First Return Voyage in 300 Years
- Sponsor: Indigenous Peoples Cultural Foundation
- Country: Taiwan
- Start: Orchid Island, Lanyu, Taiwan 14 June 2026
- End: Batan Island, Mahatao, Batanes, Philippines 15 June 2026
- Ships: 8 ships and a ipanitika (Ovayan))
- Crew: 60 (Ovayan)

= First Return Voyage in 300 Years =

2026 guided expedition of the Tao people

The First Return Voyage in 300 Years was an guided expedition from Orchid Island in Taiwan to the Batanes in the Philippines. It involved Ovayan, a ipanitika or indigenous boat of the Tao people. They travelled to Mahatao, Batanes to connect with the Ivatan people via a route which was last traversed by their people 300 years ago.

==Background==
The Indigenous Peoples Cultural Foundation was the proponent of the First Return Voyage in 300 Years project made in collaboration with the Taiwanese Council of Indigenous Peoples, and Orchid Island's six Tao communities. The project took three years to fulfill. This is a cultural exchange activity between the Tao and the Ivatan people of the northern Philippines.
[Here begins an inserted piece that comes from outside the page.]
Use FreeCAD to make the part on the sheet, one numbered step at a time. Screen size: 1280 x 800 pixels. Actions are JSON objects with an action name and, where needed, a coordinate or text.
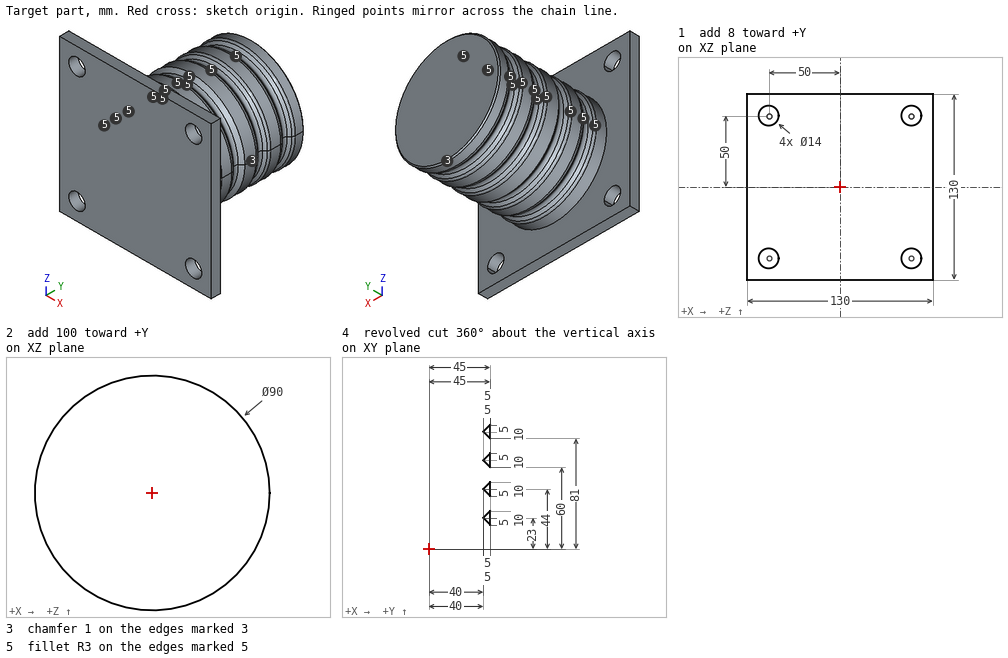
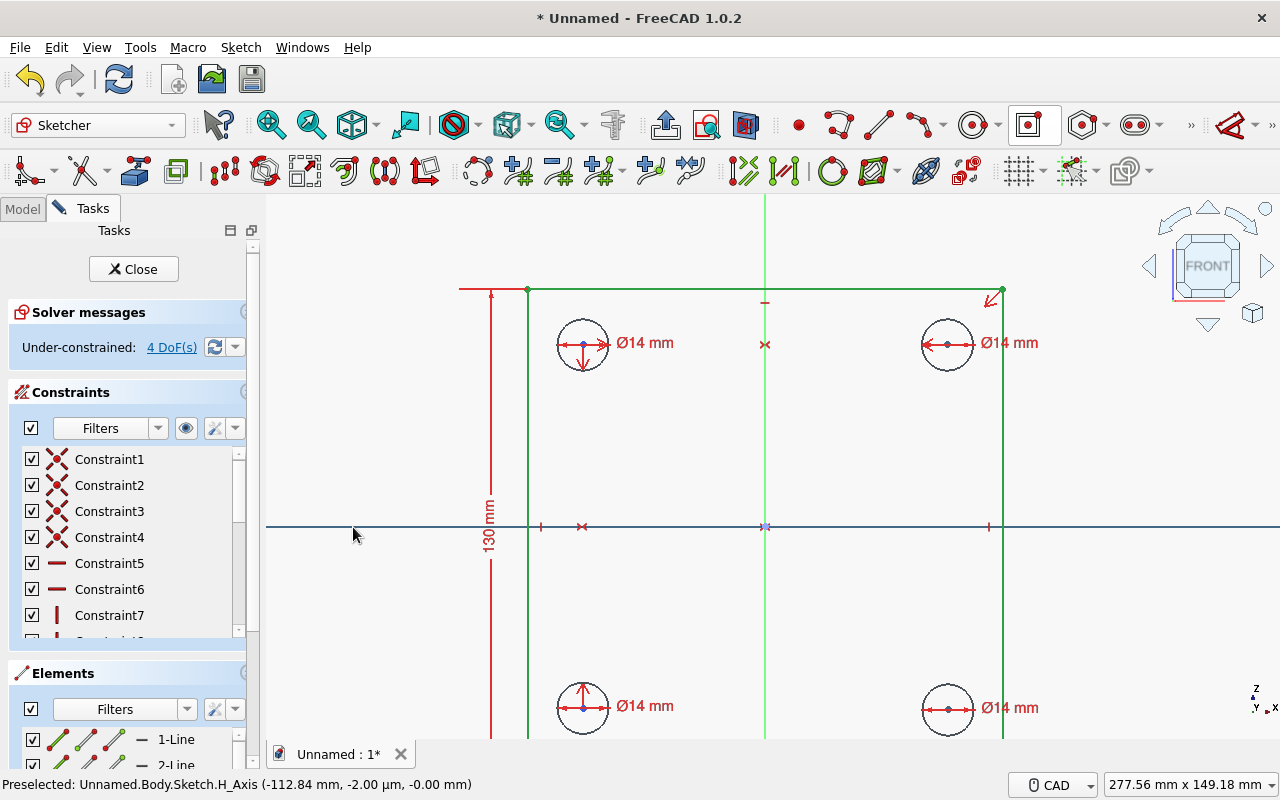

The goal of the project is to enable the Tao people sail from Orchid Island to Batanes in the Philippines to retrace an ancient maritime route which is said to be last crossed 300 years ago.

The Tao are a small minority in Taiwan with 5,120 members or around 0.02 percent of the island's 23 million population.

===Ovayan===
A Ipanitika, an indigenous wooden plank boat, for the purpose of the project by the Tao. The boat named Ovayan was built on March 2026 and had a trial voyage on 28 April. A traditional launching ceremony for Ovayan was held on 9 June 2026. The boat is 12 m long and has a capacity to carry 20 people.

==Expedition==
The Ovayan departed from Orchid Island on 15 June 2026. The vessel was paddled in relays by 60 people, with 20 participants rotating in and out from the support ships. It was accompanied by the Porrima P111 and seven support vessels, which provided escort and logistical support throughout the voyage.

The fleet travelled 100 NM across the Bashi Channel to reach the seaport in Mahatao, Batanes in the Philippines at around 2:30pm on 16 June.